**Aim of the exercise:** Each line of the material must reappear unchanged in the answer.

**Extracted entries:**
# # # #

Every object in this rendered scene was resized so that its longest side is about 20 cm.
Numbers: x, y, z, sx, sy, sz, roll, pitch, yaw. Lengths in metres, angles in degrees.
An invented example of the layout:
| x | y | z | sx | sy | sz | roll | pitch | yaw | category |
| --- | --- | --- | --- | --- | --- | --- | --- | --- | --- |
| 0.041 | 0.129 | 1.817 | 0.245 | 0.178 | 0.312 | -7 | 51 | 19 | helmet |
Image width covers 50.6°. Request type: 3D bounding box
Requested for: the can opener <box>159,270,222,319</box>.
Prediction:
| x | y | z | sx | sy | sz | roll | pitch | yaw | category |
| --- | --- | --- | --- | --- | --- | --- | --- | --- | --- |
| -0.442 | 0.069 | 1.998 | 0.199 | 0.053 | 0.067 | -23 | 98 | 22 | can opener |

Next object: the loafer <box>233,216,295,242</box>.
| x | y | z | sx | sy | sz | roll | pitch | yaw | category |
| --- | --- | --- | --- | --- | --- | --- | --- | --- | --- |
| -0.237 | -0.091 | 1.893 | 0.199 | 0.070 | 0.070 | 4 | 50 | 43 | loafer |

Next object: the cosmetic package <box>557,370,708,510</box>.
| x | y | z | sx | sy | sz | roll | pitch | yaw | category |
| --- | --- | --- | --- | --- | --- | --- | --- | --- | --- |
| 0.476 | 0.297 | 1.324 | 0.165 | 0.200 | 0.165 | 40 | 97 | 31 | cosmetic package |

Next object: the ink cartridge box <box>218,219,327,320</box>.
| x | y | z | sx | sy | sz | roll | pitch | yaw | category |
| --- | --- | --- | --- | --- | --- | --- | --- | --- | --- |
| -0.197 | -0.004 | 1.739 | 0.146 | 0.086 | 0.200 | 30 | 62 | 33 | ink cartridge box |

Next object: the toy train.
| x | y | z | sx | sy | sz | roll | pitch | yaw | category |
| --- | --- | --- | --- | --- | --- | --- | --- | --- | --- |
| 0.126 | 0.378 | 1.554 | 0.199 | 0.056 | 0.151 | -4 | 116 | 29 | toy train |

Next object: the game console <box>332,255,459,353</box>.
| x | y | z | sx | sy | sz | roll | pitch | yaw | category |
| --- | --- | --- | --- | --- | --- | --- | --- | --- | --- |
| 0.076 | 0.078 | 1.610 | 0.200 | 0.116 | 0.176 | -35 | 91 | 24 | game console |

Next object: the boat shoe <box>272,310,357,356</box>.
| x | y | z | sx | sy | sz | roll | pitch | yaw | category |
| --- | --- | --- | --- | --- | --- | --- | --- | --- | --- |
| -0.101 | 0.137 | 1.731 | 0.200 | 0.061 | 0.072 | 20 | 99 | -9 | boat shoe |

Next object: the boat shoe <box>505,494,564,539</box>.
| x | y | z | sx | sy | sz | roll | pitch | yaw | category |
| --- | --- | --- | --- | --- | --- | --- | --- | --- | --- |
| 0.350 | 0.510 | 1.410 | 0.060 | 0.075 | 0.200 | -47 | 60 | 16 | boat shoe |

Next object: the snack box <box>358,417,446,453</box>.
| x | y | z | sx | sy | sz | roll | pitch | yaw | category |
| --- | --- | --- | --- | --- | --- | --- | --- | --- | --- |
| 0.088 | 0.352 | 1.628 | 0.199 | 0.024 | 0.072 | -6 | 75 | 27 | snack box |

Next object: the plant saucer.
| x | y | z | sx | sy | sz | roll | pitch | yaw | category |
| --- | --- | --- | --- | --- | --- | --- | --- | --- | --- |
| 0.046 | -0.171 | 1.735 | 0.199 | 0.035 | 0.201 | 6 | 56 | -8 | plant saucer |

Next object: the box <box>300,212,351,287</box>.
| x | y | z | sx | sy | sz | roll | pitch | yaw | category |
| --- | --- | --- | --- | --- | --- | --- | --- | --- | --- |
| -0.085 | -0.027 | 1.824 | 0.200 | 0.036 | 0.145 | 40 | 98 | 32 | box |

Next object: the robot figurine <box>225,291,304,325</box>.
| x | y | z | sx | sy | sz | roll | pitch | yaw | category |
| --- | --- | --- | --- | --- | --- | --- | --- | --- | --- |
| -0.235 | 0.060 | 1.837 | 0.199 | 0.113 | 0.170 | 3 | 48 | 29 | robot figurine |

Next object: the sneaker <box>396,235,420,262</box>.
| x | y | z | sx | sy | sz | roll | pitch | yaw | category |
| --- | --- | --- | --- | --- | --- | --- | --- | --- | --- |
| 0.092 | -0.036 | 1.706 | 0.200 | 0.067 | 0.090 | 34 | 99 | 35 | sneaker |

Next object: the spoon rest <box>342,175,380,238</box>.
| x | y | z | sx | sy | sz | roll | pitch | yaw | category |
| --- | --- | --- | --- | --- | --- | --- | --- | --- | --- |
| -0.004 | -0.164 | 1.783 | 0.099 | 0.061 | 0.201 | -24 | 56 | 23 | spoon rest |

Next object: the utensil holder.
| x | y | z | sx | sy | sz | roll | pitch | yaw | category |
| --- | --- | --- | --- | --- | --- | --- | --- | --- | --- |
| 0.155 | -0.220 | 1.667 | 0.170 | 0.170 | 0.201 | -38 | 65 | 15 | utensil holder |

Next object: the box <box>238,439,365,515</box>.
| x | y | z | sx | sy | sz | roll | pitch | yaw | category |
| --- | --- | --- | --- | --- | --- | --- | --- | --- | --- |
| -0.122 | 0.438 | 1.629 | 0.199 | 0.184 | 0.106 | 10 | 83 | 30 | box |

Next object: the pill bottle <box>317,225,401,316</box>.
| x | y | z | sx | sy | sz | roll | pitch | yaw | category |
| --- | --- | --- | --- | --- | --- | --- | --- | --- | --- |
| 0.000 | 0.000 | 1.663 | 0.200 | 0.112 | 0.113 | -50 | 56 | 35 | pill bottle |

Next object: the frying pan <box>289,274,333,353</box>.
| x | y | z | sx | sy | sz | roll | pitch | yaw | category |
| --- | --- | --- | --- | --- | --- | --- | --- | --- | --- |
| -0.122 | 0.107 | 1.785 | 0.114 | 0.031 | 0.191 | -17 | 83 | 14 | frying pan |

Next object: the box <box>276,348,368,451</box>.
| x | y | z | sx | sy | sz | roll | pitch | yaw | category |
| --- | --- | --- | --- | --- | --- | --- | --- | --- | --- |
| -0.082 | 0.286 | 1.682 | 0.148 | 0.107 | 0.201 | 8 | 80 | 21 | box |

# # # #

**Task output:**
Every object in this rendered scene was resized so that its longest side is about 20 cm.
Numbers: x, y, z, sx, sy, sz, roll, pitch, yaw. Lengths in metres, angles in degrees.
An invented example of the layout:
| x | y | z | sx | sy | sz | roll | pitch | yaw | category |
| --- | --- | --- | --- | --- | --- | --- | --- | --- | --- |
| 0.041 | 0.129 | 1.817 | 0.245 | 0.178 | 0.312 | -7 | 51 | 19 | helmet |
Image width covers 50.6°. Request type: 3D bounding box
Requested for: the can opener <box>159,270,222,319</box>.
Prediction:
| x | y | z | sx | sy | sz | roll | pitch | yaw | category |
| --- | --- | --- | --- | --- | --- | --- | --- | --- | --- |
| -0.442 | 0.069 | 1.998 | 0.199 | 0.053 | 0.067 | -23 | 98 | 22 | can opener |

Next object: the loafer <box>233,216,295,242</box>.
| x | y | z | sx | sy | sz | roll | pitch | yaw | category |
| --- | --- | --- | --- | --- | --- | --- | --- | --- | --- |
| -0.237 | -0.091 | 1.893 | 0.199 | 0.070 | 0.070 | 4 | 50 | 43 | loafer |

Next object: the cosmetic package <box>557,370,708,510</box>.
| x | y | z | sx | sy | sz | roll | pitch | yaw | category |
| --- | --- | --- | --- | --- | --- | --- | --- | --- | --- |
| 0.476 | 0.297 | 1.324 | 0.165 | 0.200 | 0.165 | 40 | 97 | 31 | cosmetic package |

Next object: the ink cartridge box <box>218,219,327,320</box>.
| x | y | z | sx | sy | sz | roll | pitch | yaw | category |
| --- | --- | --- | --- | --- | --- | --- | --- | --- | --- |
| -0.197 | -0.004 | 1.739 | 0.146 | 0.086 | 0.200 | 30 | 62 | 33 | ink cartridge box |

Next object: the toy train.
| x | y | z | sx | sy | sz | roll | pitch | yaw | category |
| --- | --- | --- | --- | --- | --- | --- | --- | --- | --- |
| 0.126 | 0.378 | 1.554 | 0.199 | 0.056 | 0.151 | -4 | 116 | 29 | toy train |

Next object: the game console <box>332,255,459,353</box>.
| x | y | z | sx | sy | sz | roll | pitch | yaw | category |
| --- | --- | --- | --- | --- | --- | --- | --- | --- | --- |
| 0.076 | 0.078 | 1.610 | 0.200 | 0.116 | 0.176 | -35 | 91 | 24 | game console |

Next object: the boat shoe <box>272,310,357,356</box>.
| x | y | z | sx | sy | sz | roll | pitch | yaw | category |
| --- | --- | --- | --- | --- | --- | --- | --- | --- | --- |
| -0.101 | 0.137 | 1.731 | 0.200 | 0.061 | 0.072 | 20 | 99 | -9 | boat shoe |

Next object: the boat shoe <box>505,494,564,539</box>.
| x | y | z | sx | sy | sz | roll | pitch | yaw | category |
| --- | --- | --- | --- | --- | --- | --- | --- | --- | --- |
| 0.350 | 0.510 | 1.410 | 0.060 | 0.075 | 0.200 | -47 | 60 | 16 | boat shoe |

Next object: the snack box <box>358,417,446,453</box>.
| x | y | z | sx | sy | sz | roll | pitch | yaw | category |
| --- | --- | --- | --- | --- | --- | --- | --- | --- | --- |
| 0.088 | 0.352 | 1.628 | 0.199 | 0.024 | 0.072 | -6 | 75 | 27 | snack box |

Next object: the plant saucer.
| x | y | z | sx | sy | sz | roll | pitch | yaw | category |
| --- | --- | --- | --- | --- | --- | --- | --- | --- | --- |
| 0.046 | -0.171 | 1.735 | 0.199 | 0.035 | 0.201 | 6 | 56 | -8 | plant saucer |

Next object: the box <box>300,212,351,287</box>.
| x | y | z | sx | sy | sz | roll | pitch | yaw | category |
| --- | --- | --- | --- | --- | --- | --- | --- | --- | --- |
| -0.085 | -0.027 | 1.824 | 0.200 | 0.036 | 0.145 | 40 | 98 | 32 | box |

Next object: the robot figurine <box>225,291,304,325</box>.
| x | y | z | sx | sy | sz | roll | pitch | yaw | category |
| --- | --- | --- | --- | --- | --- | --- | --- | --- | --- |
| -0.235 | 0.060 | 1.837 | 0.199 | 0.113 | 0.170 | 3 | 48 | 29 | robot figurine |

Next object: the sneaker <box>396,235,420,262</box>.
| x | y | z | sx | sy | sz | roll | pitch | yaw | category |
| --- | --- | --- | --- | --- | --- | --- | --- | --- | --- |
| 0.092 | -0.036 | 1.706 | 0.200 | 0.067 | 0.090 | 34 | 99 | 35 | sneaker |

Next object: the spoon rest <box>342,175,380,238</box>.
| x | y | z | sx | sy | sz | roll | pitch | yaw | category |
| --- | --- | --- | --- | --- | --- | --- | --- | --- | --- |
| -0.004 | -0.164 | 1.783 | 0.099 | 0.061 | 0.201 | -24 | 56 | 23 | spoon rest |

Next object: the utensil holder.
| x | y | z | sx | sy | sz | roll | pitch | yaw | category |
| --- | --- | --- | --- | --- | --- | --- | --- | --- | --- |
| 0.155 | -0.220 | 1.667 | 0.170 | 0.170 | 0.201 | -38 | 65 | 15 | utensil holder |

Next object: the box <box>238,439,365,515</box>.
| x | y | z | sx | sy | sz | roll | pitch | yaw | category |
| --- | --- | --- | --- | --- | --- | --- | --- | --- | --- |
| -0.122 | 0.438 | 1.629 | 0.199 | 0.184 | 0.106 | 10 | 83 | 30 | box |

Next object: the pill bottle <box>317,225,401,316</box>.
| x | y | z | sx | sy | sz | roll | pitch | yaw | category |
| --- | --- | --- | --- | --- | --- | --- | --- | --- | --- |
| 0.000 | 0.000 | 1.663 | 0.200 | 0.112 | 0.113 | -50 | 56 | 35 | pill bottle |

Next object: the frying pan <box>289,274,333,353</box>.
| x | y | z | sx | sy | sz | roll | pitch | yaw | category |
| --- | --- | --- | --- | --- | --- | --- | --- | --- | --- |
| -0.122 | 0.107 | 1.785 | 0.114 | 0.031 | 0.191 | -17 | 83 | 14 | frying pan |

Next object: the box <box>276,348,368,451</box>.
| x | y | z | sx | sy | sz | roll | pitch | yaw | category |
| --- | --- | --- | --- | --- | --- | --- | --- | --- | --- |
| -0.082 | 0.286 | 1.682 | 0.148 | 0.107 | 0.201 | 8 | 80 | 21 | box |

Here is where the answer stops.